## [Task objective]
Every line holding the string "first" should be copied out of the listing.
** Opening Exercise material block **
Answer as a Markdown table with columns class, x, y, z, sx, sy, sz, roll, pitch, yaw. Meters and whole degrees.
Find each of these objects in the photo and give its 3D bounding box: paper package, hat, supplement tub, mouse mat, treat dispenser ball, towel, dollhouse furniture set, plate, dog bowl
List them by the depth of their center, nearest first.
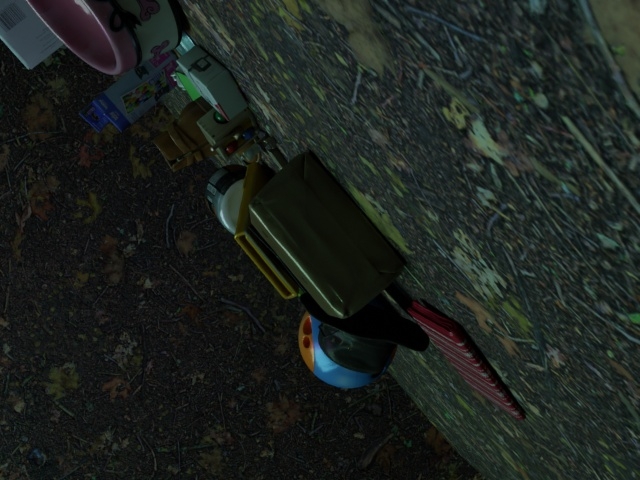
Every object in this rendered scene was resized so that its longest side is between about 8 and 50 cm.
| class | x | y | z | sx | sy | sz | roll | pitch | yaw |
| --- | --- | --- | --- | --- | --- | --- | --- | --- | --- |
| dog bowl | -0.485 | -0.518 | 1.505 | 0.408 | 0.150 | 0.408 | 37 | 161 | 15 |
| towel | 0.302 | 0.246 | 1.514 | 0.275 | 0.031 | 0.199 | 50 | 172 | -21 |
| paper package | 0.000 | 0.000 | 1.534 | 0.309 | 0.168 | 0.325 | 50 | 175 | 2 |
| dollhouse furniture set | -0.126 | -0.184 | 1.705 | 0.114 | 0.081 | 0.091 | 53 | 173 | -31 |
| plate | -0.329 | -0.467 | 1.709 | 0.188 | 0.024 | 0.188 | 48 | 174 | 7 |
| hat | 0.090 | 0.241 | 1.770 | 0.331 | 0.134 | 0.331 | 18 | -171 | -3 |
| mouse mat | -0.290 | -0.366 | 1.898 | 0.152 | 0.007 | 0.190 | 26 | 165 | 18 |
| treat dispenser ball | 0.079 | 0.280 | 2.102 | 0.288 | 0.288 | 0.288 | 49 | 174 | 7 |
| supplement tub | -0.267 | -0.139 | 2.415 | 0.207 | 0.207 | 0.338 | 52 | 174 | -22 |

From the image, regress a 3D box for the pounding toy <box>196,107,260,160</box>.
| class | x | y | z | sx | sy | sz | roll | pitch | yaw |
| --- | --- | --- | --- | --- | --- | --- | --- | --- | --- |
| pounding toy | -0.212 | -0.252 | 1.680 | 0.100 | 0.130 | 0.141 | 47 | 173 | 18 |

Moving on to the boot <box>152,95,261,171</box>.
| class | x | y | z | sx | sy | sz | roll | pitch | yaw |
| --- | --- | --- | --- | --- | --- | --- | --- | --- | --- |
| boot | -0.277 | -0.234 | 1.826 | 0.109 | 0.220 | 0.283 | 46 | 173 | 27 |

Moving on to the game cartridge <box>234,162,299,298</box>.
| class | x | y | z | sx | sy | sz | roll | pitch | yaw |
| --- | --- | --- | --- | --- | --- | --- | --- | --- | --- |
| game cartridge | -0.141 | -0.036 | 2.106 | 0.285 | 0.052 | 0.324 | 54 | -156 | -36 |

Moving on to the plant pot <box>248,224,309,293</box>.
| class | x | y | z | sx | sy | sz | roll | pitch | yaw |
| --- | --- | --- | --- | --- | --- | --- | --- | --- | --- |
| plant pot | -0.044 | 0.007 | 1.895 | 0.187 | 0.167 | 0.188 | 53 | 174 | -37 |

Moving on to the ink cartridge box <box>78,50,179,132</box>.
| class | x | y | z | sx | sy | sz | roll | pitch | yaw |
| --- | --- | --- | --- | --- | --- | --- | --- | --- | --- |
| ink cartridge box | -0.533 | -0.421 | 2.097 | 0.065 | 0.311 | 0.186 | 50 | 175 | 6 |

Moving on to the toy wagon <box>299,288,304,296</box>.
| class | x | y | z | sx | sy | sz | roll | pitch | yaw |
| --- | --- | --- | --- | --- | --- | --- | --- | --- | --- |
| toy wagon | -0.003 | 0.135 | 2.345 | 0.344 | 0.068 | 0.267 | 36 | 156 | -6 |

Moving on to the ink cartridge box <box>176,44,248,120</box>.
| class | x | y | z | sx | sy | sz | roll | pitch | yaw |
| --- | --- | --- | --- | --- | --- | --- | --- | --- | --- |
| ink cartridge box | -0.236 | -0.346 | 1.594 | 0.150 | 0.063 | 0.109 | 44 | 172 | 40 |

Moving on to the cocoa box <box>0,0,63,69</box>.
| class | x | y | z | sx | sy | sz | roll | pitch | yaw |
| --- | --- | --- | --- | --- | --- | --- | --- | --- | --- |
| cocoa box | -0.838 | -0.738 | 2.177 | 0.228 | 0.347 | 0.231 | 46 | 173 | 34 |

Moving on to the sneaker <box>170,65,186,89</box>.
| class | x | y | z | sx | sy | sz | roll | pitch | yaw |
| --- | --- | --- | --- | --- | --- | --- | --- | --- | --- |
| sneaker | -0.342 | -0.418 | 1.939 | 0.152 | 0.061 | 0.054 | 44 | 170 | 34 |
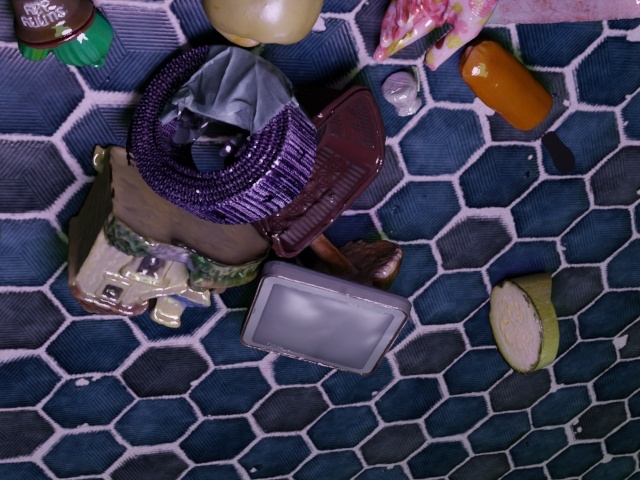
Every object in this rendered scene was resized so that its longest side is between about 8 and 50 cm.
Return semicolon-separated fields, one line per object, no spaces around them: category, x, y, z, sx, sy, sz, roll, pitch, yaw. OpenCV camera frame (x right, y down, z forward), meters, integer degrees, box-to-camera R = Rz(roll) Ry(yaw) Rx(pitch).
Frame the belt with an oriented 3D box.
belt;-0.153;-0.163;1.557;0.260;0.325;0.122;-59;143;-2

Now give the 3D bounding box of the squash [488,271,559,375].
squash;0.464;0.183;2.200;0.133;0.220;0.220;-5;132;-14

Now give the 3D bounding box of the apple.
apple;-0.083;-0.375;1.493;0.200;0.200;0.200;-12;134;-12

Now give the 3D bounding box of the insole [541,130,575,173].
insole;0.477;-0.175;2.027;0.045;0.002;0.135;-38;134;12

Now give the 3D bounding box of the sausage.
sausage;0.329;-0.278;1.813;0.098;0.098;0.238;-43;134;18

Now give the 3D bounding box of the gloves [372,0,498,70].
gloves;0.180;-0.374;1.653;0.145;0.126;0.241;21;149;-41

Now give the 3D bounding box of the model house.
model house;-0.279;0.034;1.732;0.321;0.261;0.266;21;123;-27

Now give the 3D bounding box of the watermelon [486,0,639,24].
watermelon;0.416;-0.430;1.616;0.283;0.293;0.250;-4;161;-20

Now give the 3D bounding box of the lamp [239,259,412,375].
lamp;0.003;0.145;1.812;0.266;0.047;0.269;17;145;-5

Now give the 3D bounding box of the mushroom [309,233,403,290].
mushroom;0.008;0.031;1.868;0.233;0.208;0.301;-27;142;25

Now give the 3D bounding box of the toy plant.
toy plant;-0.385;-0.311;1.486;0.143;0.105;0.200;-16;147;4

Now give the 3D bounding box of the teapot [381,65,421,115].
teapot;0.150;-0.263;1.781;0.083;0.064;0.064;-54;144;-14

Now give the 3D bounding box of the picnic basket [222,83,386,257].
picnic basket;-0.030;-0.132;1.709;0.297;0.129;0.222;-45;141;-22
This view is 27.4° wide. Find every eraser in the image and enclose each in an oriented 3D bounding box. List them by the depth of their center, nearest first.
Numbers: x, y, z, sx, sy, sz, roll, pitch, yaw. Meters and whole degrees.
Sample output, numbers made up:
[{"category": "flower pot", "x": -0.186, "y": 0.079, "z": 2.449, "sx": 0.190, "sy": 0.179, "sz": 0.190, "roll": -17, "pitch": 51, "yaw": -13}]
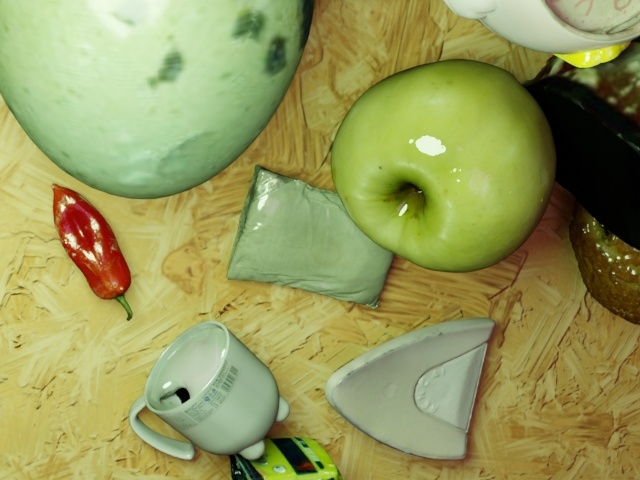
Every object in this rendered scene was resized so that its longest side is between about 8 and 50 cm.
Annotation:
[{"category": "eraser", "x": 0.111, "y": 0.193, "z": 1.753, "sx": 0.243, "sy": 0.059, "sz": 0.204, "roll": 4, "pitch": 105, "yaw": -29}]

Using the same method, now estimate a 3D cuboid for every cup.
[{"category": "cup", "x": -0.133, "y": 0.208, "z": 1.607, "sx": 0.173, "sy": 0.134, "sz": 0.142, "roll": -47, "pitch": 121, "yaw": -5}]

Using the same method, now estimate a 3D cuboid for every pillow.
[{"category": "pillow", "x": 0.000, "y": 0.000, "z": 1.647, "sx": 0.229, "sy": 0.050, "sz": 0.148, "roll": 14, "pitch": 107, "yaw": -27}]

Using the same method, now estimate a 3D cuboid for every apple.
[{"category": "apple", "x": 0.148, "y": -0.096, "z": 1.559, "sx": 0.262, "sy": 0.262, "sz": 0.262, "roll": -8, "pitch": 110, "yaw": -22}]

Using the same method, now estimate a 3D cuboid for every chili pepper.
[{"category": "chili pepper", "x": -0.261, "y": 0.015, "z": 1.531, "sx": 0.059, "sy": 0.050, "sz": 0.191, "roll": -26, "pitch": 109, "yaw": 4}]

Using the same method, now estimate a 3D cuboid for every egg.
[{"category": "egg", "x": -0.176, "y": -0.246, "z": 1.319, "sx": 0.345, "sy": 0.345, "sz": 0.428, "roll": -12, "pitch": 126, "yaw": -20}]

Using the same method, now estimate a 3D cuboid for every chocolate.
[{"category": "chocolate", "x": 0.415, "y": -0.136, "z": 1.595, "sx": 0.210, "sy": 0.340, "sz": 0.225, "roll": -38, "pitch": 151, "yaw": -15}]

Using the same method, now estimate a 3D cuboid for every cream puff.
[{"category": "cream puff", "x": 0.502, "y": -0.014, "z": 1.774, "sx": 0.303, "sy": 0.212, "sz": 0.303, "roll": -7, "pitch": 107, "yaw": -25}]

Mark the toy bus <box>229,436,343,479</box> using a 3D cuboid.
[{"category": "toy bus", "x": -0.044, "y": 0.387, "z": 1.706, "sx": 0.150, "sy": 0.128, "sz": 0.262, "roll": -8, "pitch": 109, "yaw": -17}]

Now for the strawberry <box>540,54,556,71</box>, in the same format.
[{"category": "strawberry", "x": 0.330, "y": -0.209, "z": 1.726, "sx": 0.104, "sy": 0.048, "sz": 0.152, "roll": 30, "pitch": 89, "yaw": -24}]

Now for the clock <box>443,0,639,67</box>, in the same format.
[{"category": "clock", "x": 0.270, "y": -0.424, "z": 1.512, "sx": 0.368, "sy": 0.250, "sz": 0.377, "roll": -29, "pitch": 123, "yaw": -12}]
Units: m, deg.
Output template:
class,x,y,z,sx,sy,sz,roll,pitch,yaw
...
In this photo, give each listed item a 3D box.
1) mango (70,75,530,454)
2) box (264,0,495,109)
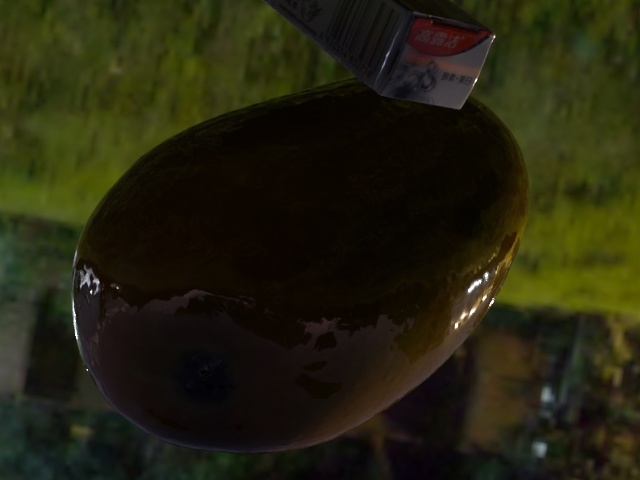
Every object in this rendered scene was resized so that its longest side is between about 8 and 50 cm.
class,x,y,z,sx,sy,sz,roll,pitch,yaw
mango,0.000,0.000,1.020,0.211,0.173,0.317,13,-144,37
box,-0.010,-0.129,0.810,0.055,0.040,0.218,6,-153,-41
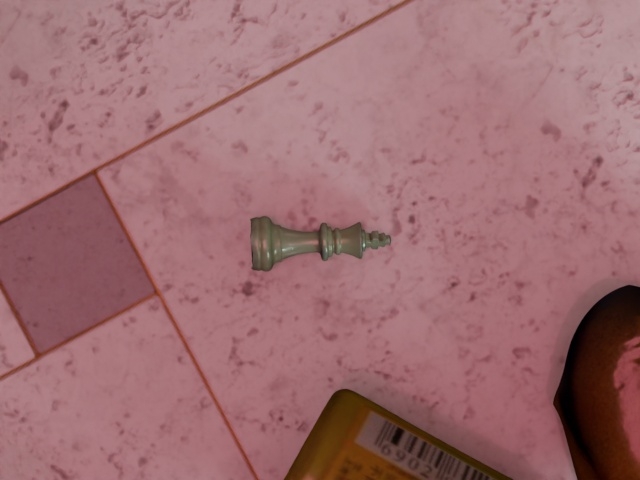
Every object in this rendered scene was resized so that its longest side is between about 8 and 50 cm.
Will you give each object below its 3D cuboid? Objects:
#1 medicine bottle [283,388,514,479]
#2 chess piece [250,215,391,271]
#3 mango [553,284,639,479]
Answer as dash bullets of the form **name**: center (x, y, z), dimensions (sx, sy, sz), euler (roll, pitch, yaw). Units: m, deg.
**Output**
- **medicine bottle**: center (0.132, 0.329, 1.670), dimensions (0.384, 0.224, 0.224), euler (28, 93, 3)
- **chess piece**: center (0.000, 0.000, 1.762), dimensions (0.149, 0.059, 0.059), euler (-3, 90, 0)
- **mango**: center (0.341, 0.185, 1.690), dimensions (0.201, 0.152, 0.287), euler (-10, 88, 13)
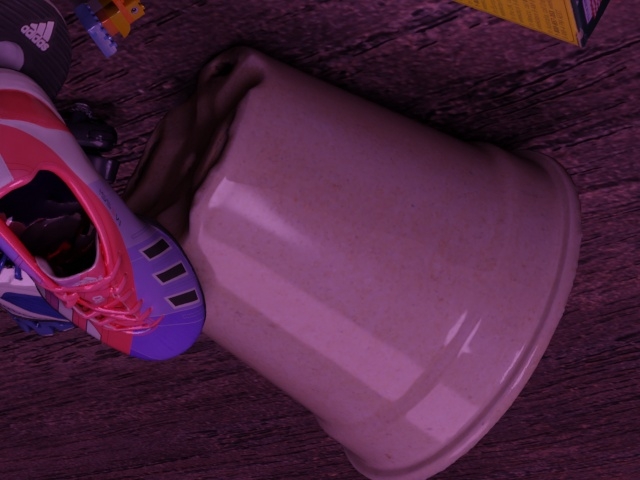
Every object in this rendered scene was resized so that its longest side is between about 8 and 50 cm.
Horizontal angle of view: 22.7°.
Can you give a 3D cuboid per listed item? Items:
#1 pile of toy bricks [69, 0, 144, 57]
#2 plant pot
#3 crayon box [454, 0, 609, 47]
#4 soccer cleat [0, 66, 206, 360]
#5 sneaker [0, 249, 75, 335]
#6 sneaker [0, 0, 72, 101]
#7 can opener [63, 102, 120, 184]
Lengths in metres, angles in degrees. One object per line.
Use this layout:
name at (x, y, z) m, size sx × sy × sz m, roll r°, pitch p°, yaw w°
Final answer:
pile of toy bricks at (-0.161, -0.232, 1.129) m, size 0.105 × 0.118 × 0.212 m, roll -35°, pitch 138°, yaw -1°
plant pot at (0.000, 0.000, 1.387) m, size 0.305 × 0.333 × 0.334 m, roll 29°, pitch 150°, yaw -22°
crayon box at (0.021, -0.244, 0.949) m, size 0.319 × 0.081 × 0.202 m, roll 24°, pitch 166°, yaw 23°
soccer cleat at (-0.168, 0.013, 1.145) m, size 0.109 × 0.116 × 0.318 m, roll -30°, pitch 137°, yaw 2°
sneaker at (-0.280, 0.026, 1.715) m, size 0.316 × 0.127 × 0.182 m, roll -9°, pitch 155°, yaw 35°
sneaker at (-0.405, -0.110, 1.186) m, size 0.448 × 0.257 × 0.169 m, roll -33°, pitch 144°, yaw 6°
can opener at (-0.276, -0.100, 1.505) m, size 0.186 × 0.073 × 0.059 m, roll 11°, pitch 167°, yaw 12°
** Closing Exercise material block **
## [Output for this exercise]
List them by the depth of their center, nearest first.
This view is 27.4° wide. Find every eraser in the image and enclose each in an oriented 3D bounding box. List them by the depth of their center, nearest first.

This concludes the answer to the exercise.